(Stored dataset items)
☆ ☆ ☆ ☆
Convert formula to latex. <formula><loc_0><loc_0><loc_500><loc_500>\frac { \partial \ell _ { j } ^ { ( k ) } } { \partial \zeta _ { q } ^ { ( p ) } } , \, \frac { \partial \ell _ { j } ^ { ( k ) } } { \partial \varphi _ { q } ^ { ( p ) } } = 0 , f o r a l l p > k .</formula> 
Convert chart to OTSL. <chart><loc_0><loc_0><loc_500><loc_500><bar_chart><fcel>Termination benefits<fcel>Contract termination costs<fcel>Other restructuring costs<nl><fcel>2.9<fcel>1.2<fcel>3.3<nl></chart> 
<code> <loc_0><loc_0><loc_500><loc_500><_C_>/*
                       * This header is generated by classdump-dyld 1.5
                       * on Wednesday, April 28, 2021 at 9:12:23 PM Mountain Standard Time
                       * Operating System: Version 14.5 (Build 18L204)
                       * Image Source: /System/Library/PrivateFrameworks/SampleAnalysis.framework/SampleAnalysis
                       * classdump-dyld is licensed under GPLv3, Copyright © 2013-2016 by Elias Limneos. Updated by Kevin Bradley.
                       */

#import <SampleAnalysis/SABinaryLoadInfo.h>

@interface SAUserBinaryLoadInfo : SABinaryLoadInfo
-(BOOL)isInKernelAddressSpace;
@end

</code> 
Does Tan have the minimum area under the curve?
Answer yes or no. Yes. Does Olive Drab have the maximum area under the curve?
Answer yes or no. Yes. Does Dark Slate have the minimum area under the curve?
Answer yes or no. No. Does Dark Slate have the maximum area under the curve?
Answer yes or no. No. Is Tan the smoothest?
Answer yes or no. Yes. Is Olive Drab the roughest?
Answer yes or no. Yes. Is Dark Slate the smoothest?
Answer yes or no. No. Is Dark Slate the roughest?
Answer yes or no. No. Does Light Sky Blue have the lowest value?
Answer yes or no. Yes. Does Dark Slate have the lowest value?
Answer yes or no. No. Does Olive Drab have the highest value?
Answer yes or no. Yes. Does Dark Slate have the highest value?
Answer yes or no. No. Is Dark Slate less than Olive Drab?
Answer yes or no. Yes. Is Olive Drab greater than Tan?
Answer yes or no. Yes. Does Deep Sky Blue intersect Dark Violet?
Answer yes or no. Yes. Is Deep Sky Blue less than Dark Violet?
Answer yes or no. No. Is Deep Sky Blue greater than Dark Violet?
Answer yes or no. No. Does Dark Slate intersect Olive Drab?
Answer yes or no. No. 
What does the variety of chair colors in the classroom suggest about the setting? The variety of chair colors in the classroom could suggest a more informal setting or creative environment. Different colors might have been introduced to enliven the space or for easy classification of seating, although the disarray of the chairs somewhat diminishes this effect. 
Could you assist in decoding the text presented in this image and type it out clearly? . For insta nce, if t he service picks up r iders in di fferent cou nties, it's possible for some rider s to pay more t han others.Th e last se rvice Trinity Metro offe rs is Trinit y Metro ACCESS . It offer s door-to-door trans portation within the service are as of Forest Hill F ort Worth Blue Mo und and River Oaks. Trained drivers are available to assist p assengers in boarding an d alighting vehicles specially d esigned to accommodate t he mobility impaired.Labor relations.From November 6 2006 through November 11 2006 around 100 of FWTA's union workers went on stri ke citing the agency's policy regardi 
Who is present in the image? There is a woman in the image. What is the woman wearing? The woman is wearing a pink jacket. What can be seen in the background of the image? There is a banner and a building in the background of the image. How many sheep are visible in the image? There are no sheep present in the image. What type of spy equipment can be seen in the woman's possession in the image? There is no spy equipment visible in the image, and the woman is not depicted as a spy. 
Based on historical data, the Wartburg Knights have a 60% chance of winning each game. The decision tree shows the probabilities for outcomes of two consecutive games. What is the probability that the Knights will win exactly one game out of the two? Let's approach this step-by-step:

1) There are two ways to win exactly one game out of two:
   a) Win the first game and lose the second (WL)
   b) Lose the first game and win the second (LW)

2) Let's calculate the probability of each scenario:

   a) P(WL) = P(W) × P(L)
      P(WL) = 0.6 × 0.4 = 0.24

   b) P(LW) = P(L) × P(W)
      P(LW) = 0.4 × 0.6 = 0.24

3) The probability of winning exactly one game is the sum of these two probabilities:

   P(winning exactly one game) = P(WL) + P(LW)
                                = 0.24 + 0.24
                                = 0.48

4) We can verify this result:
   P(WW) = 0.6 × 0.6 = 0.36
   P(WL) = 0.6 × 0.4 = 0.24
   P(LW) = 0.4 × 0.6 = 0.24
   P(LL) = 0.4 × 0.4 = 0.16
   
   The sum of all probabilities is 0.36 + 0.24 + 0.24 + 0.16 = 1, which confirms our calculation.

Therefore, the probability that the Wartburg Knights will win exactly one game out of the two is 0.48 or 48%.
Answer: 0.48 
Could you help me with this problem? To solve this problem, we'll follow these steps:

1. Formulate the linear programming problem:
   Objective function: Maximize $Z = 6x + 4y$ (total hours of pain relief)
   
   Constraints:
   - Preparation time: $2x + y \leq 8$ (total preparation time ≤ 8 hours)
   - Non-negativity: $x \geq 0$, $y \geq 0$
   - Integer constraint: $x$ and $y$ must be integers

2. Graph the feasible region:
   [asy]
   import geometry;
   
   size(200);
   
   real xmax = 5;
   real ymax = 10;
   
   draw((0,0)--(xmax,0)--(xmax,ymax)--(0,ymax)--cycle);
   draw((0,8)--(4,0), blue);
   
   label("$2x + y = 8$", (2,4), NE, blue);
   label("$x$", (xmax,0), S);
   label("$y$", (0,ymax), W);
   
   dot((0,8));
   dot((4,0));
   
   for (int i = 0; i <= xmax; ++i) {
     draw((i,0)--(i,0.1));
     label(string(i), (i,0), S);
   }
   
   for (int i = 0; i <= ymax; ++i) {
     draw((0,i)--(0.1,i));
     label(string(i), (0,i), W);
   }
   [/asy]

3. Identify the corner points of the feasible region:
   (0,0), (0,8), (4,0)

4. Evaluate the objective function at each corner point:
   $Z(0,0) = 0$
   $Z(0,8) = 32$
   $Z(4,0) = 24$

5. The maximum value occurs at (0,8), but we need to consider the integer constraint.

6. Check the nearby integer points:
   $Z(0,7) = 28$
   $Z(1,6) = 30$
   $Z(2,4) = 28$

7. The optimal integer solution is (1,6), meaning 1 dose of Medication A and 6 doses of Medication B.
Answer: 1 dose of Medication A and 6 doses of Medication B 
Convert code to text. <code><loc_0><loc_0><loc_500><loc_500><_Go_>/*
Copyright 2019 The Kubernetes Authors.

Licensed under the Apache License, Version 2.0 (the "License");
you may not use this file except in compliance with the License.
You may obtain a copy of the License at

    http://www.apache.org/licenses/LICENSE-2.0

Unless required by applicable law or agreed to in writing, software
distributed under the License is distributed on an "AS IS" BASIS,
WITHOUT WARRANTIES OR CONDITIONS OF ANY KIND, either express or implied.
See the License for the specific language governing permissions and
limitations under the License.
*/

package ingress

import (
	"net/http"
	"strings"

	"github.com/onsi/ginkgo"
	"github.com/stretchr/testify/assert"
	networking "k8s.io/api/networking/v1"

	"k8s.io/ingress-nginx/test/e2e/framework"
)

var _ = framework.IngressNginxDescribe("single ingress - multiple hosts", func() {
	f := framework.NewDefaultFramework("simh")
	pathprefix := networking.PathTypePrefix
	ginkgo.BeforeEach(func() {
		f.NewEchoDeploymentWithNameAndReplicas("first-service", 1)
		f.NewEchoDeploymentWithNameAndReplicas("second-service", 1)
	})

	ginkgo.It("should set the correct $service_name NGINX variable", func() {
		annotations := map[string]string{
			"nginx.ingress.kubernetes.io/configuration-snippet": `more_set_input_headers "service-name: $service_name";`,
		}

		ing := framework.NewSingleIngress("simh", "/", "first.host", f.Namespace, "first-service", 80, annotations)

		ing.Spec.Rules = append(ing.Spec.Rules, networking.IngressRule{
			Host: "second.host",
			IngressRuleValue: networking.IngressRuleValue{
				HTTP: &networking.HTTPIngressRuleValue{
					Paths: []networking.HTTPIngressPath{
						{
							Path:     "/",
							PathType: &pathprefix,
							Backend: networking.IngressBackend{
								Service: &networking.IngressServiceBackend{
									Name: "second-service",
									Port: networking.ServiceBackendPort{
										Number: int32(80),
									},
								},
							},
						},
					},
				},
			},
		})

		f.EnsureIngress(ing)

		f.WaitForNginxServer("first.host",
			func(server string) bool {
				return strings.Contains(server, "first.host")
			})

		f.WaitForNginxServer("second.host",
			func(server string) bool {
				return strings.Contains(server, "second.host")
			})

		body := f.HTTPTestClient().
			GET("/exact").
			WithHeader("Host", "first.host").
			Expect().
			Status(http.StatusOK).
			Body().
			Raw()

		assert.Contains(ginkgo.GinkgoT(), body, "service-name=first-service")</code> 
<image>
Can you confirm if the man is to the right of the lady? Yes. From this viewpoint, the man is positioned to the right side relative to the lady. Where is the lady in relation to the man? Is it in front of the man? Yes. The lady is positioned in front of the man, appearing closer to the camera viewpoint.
☆ ☆ ☆ ☆
[YOUR GOAL]
Using the entries above, quote each line verbatim from the first through the line that contains "<code> <loc_0><loc_0><loc_500><loc_500><_C_>/*".

[RESPONSE TO THE TASK]
Convert formula to latex. <formula><loc_0><loc_0><loc_500><loc_500>\frac { \partial \ell _ { j } ^ { ( k ) } } { \partial \zeta _ { q } ^ { ( p ) } } , \, \frac { \partial \ell _ { j } ^ { ( k ) } } { \partial \varphi _ { q } ^ { ( p ) } } = 0 , f o r a l l p > k .</formula> 
Convert chart to OTSL. <chart><loc_0><loc_0><loc_500><loc_500><bar_chart><fcel>Termination benefits<fcel>Contract termination costs<fcel>Other restructuring costs<nl><fcel>2.9<fcel>1.2<fcel>3.3<nl></chart> 
<code> <loc_0><loc_0><loc_500><loc_500><_C_>/*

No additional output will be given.